A challenge for association studies in environmental statistics is that we cannot directly measure the exposure at every location where there is outcome data. Modern Geographic Information System (GIS) technology makes it feasible to sample environmental exposures and then to predict exposures at unmonitored locations using a statistical model such as universal kriging that exploits dependence on GIS covariates and incorporates spatial smoothing (Cressie, 1993
). The overall strategy is to use predicted exposures in place of the true exposures at locations with outcome data in order to estimate the parameter of interest in a regression model. The problem that we address in this paper is how to ensure valid inference in light of the resulting measurement error.
An example application in environmental epidemiology is evaluating the relationship between exposure to ambient air pollution and adverse health outcomes. Many studies have documented adverse effects of air pollution e.g. (Dockery and others, 1993; Samet2000; Pope2002), and recent studies emphasize the importance of using predicted individual air pollution exposures to account for spatial variability within urban areas (Jerrett and others, 2005b; Kunzli2005; Gryparis2007; Szpiro2009). Other environmental applications that do not involve human health effects are analogous from a statistical perspective. An example that we will return to later in this paper involves assessing the relationship between stream water quality and nearby watershed land cover (Madsen and others, 2008; Herlihy1998).
Various methods have been employed for predicting exposures, including nearest neighbor interpolation (Miller and others, 2007), regression based on GIS covariates (Brauer and others, 2003; Jerrett2005a), interpolation by a geostatistical method such as kriging (Jerrett and others, 2005b; Kunzli2005), and semi-parametric smoothing (Gryparis and others, 2007; Kunzli2005). All these methods result in measurement error that does not fit into the standard categories of classical or Berkson error (Carroll and others, 2006). In this paper, we focus on universal kriging.

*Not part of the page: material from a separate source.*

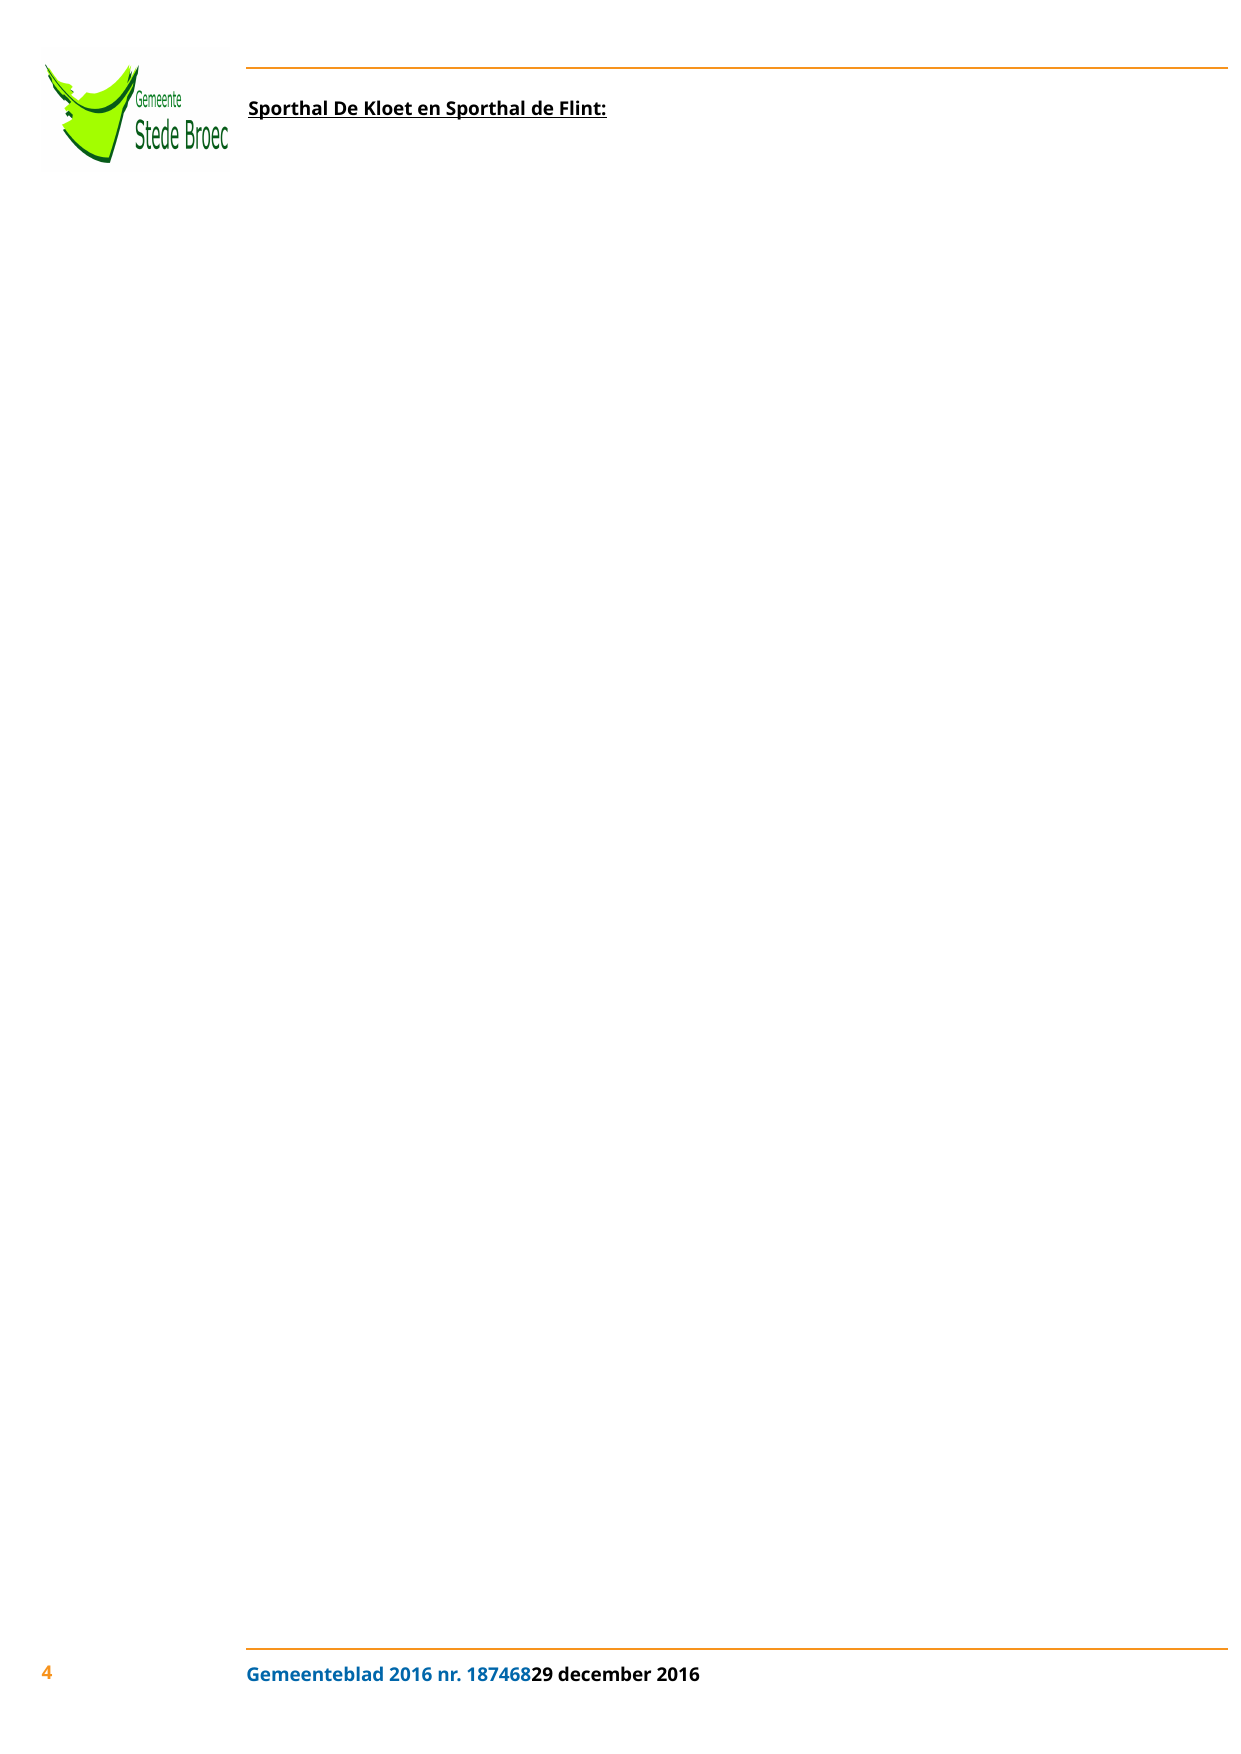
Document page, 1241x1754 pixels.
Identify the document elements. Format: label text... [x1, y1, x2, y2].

table_header Sporthal De Kloet en Sporthal de Flint: [248, 95, 700, 121]
picture [41, 47, 231, 172]
table_header [700, 95, 1152, 121]

Kim and others (2009) have shown that using predicted exposures from kriging performs better than nearest neighbor interpolation but significant errors may remain resulting in confidence intervals that do not provide correct coverage. Gryparis and others (2009) review the relevant measurement error literature and compare several correction strategies in a simulation study, and Madsen and others (2008) apply a version of the parametric bootstrap to obtain corrected standard errors (SEs).

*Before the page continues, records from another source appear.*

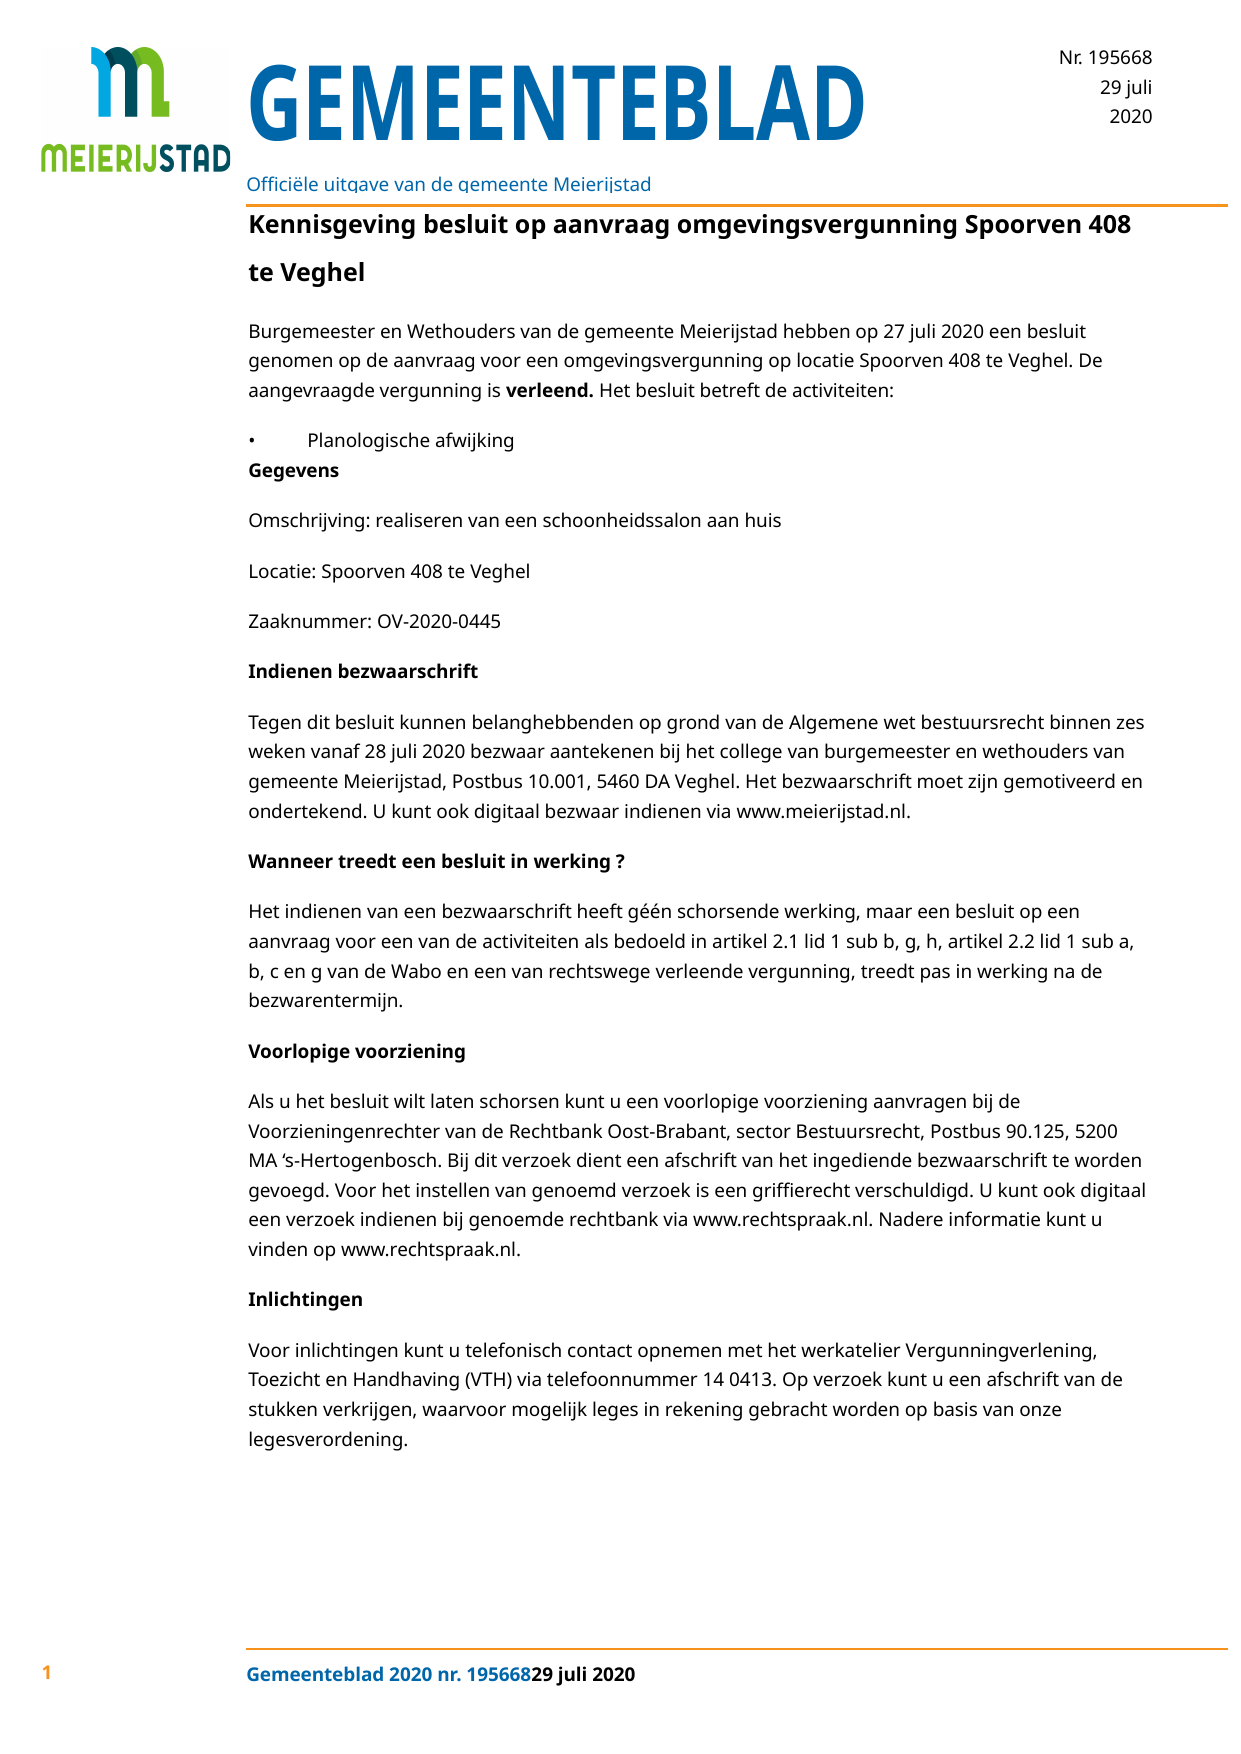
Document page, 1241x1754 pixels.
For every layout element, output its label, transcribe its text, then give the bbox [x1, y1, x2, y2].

text Burgemeester en Wethouders van de gemeente Meierijstad hebben op 27 juli 2020 een besluit genomen op de aanvraag voor een omgevingsvergunning op locatie Spoorven 408 te Veghel. De aangevraagde vergunning is verleend. Het besluit betreft de activiteiten: [248, 318, 1152, 403]
text Locatie: Spoorven 408 te Veghel [248, 558, 1152, 584]
text Indienen bezwaarschrift [248, 659, 1152, 684]
text Zaaknummer: OV-2020-0445 [248, 608, 1152, 634]
list Planologische afwijking [248, 427, 1152, 453]
text Tegen dit besluit kunnen belanghebbenden op grond van de Algemene wet bestuursrecht binnen zes weken vanaf 28 juli 2020 bezwaar aantekenen bij het college van burgemeester en wethouders van gemeente Meierijstad, Postbus 10.001, 5460 DA Veghel. Het bezwaarschrift moet zijn gemotiveerd en ondertekend. U kunt ook digitaal bezwaar indienen via www.meierijstad.nl. [248, 709, 1152, 824]
text Als u het besluit wilt laten schorsen kunt u een voorlopige voorziening aanvragen bij de Voorzieningenrechter van de Rechtbank Oost-Brabant, sector Bestuursrecht, Postbus 90.125, 5200 MA ‘s-Hertogenbosch. Bij dit verzoek dient een afschrift van het ingediende bezwaarschrift te worden gevoegd. Voor het instellen van genoemd verzoek is een griffierecht verschuldigd. U kunt ook digitaal een verzoek indienen bij genoemde rechtbank via www.rechtspraak.nl. Nadere informatie kunt u vinden op www.rechtspraak.nl. [248, 1088, 1152, 1262]
picture [41, 47, 231, 172]
text Voorlopige voorziening [248, 1038, 1152, 1064]
text Inlichtingen [248, 1287, 1152, 1312]
text Voor inlichtingen kunt u telefonisch contact opnemen met het werkatelier Vergunningverlening, Toezicht en Handhaving (VTH) via telefoonnummer 14 0413. Op verzoek kunt u een afschrift van de stukken verkrijgen, waarvoor mogelijk leges in rekening gebracht worden op basis van onze legesverordening. [248, 1337, 1152, 1452]
text Wanneer treedt een besluit in werking ? [248, 848, 1152, 874]
text Het indienen van een bezwaarschrift heeft géén schorsende werking, maar een besluit op een aanvraag voor een van de activiteiten als bedoeld in artikel 2.1 lid 1 sub b, g, h, artikel 2.2 lid 1 sub a, b, c en g van de Wabo en een van rechtswege verleende vergunning, treedt pas in werking na de bezwarentermijn. [248, 899, 1152, 1013]
text Kennisgeving besluit op aanvraag omgevingsvergunning Spoorven 408 te Veghel [248, 207, 1152, 288]
text Omschrijving: realiseren van een schoonheidssalon aan huis [248, 507, 1152, 533]
text Gegevens [248, 457, 1152, 483]

The parametric bootstrap is effective, but it is computationally intensive since it requires solving a nonlinear optimization problem to estimate the exposure model parameters in each bootstrap sample. For a universal kriging exposure model with 450 monitors (as in the examples considered here), each nonlinear optimization takes 30–60 s on an Intel Xeon processor running at 2.33 GHz, so a parametric bootstrap with only 100 samples would take approximately 1 h. This is uncomfortably long for routine usage, but it is feasible if the bootstrap is employed judiciously. If we consider, instead, a more complex spatiotemporal model of the kind being used in modern air pollution studies (Szpiro and others, 2010), the time required for a single optimization is an hour or more, so a full parametric bootstrap is essentially impractical unless its use is restricted to a very limited number of definitive analyses.
We describe a new method termed the “parameter bootstrap” that is a less computationally demanding approximation to the parametric bootstrap. The parameter bootstrap is consistent with a decomposition of the measurement error into 2 approximately independent components, one of which is similar to Berkson error (“Berkson-like”) and the other of which is similar to classical measurement error (“classical-like”). We develop our methodology in a setting where we use universal kriging to predict the exposure and where we model the association of interest with linear regression, including the possibility of spatially correlated residuals. The methodology extends easily to more complex spatiotemporal exposure models that generalize universal kriging (Banerjee and others, 2004), (Szpiro and others, 2010).
In Section 2, we introduce notation and formally set out the problem. In Section 3, we characterize the measurement error by decomposing it into Berkson-like and classical-like components, and in Section 4, we define the parametric and parameter bootstraps and briefly review 2 alternative strategies that have been proposed in recently published papers. In Section 5, we illustrate our methodology in a simulation study and compare it to other methods, and in Section 6, we consider an example with publicly available stream data from the Environmental Protection Agency (EPA). We conclude in Section 7 with a discussion.